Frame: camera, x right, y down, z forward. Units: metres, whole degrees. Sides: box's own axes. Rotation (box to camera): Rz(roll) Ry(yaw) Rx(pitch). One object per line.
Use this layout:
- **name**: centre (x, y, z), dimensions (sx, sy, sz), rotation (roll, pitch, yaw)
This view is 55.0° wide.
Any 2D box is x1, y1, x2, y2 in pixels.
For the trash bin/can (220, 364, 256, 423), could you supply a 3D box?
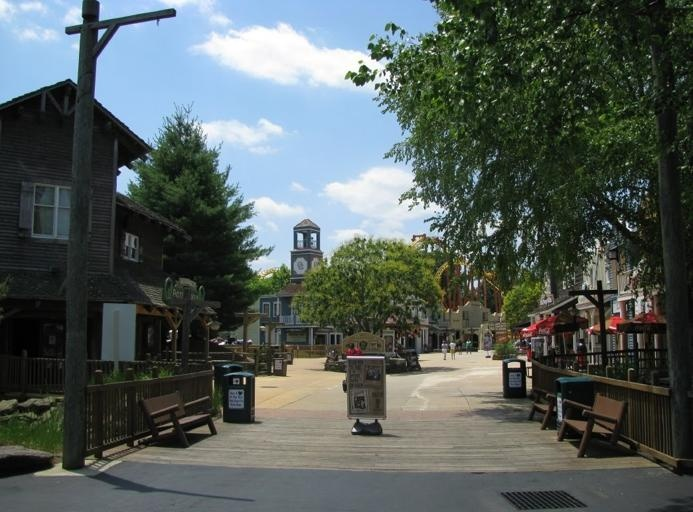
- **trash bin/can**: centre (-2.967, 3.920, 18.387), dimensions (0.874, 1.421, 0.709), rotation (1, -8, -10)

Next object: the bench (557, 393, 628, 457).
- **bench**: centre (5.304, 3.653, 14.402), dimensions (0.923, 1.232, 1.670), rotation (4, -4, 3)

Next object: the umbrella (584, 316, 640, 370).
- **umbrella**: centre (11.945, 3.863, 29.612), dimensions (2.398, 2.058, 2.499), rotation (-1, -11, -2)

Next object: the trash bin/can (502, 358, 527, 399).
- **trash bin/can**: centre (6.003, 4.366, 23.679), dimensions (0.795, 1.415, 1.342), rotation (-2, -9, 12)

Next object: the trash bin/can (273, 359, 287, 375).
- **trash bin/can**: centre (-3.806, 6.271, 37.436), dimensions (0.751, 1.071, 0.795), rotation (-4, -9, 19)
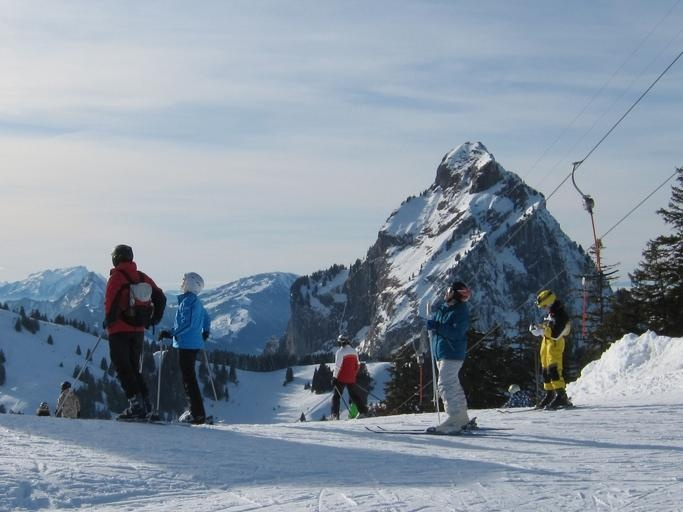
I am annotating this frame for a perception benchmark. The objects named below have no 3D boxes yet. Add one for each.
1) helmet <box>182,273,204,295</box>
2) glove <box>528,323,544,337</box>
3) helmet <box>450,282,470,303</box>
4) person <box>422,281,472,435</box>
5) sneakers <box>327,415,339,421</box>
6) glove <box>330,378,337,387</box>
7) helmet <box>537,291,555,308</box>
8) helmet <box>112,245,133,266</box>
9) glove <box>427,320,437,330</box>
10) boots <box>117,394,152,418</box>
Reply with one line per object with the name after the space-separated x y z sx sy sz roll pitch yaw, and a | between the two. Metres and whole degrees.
-*-
**TASK REQUIREMENTS**
Retype, exactly as shown, the lines from the one with "8) helmet <box>112,245,133,266</box>" through the end of the records.

**RESULT**
8) helmet <box>112,245,133,266</box>
9) glove <box>427,320,437,330</box>
10) boots <box>117,394,152,418</box>
Reply with one line per object with the name after the space-separated x y z sx sy sz roll pitch yaw, and a | between the two. Metres and whole degrees.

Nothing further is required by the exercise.